About PHP
History of PHP
PHP(Hypertext Preprocessor) was created by Rasmus Lerdorf in 1994. It was initially developed for HTTP usage logging and server-side from generation in Unix.
PHP 2(1995) transformed the language into a server side embedded scripting language. Added database support, file uploads, variables, arrays, recursive functions, conditionals, iteration, regular expressions, etc.
PHP 3(1998) added support for ODBC data sources, multiple platform support, email protocols (SNMP, IMAP), and new parser written by Zeev Suraski and Andi Gutmans.
PHP 4(2000) became an independent component of the web server for added efficiency. The parser was renamed the Zend engine. Many security features were added.
PHP 5(2004) adds Zend Engine II with object oriented programming, robust XML support using the libxml2 library, SOAP extension for interoperability with web services, SQLITE has been bundled with PHP
Introduction of PHP
PHP is an HTML-embedded scripting language. Much of its syntax is borrowed from C, Java and Perl with a couple of unique PHP-specific features thrown in. The goal of the language is to allow web developers to write dynamically generated pages quickly.

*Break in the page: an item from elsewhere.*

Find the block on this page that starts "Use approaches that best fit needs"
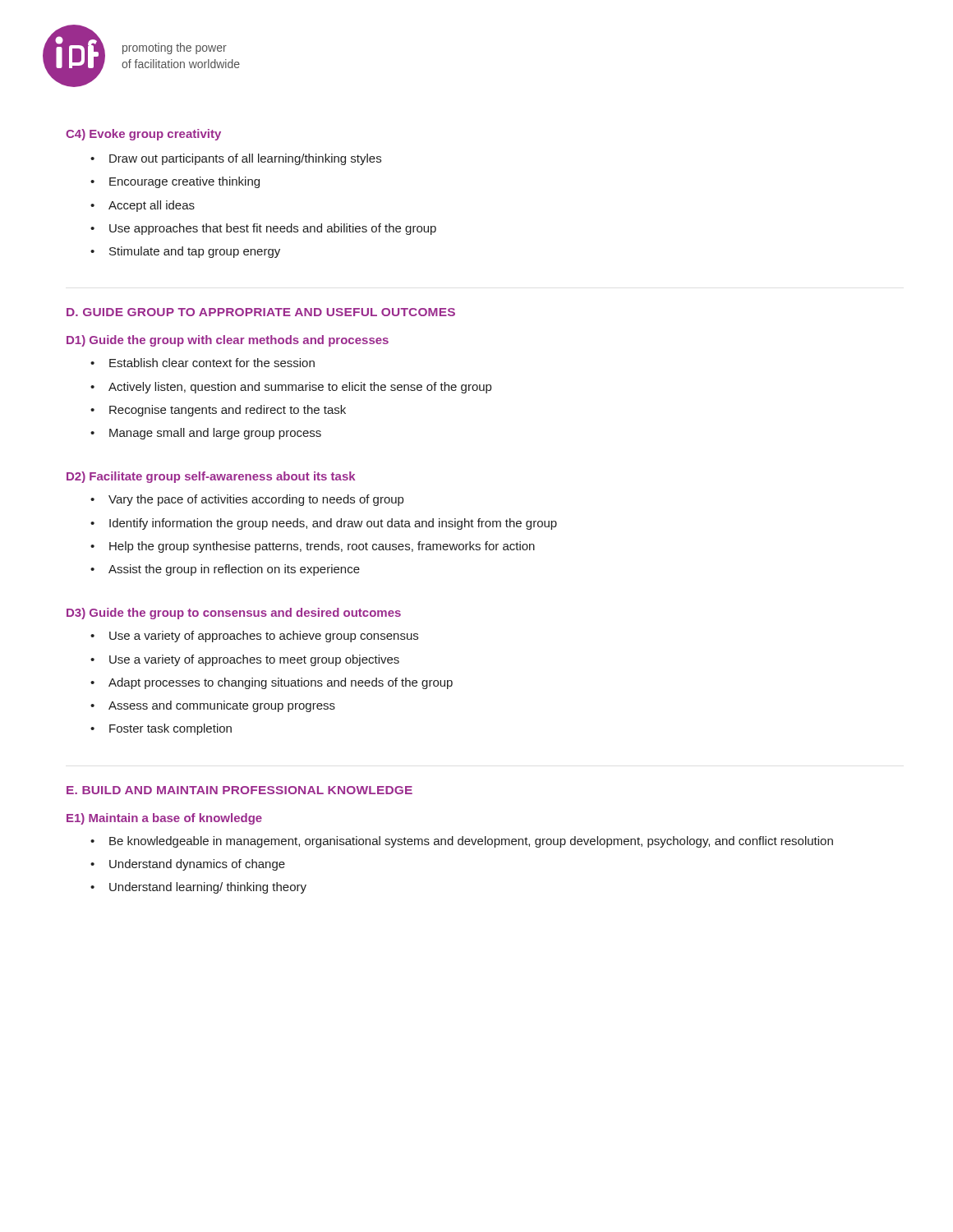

With PHP, you can do things like create username, and password login pages, check details from a form, create forums, blogs, picture galleries, and a whole lot more. PHP is a open source, you won't be spending any extra money to buy the software. It is free to usse. That's why PHP is popular!. PHP are executed mainly on the server so it is called as server side scripting language. The executed results are then sent back to the client browser.
Why is PHP used?
Easy to use, Code is embedded into HTML. The PHP code is enclosed in special start and end tags that allow you to jump into and out of "PHP mode". Cross platforms runs on almost any web server on several operating system. One of the strongest features is the wide range of supported database.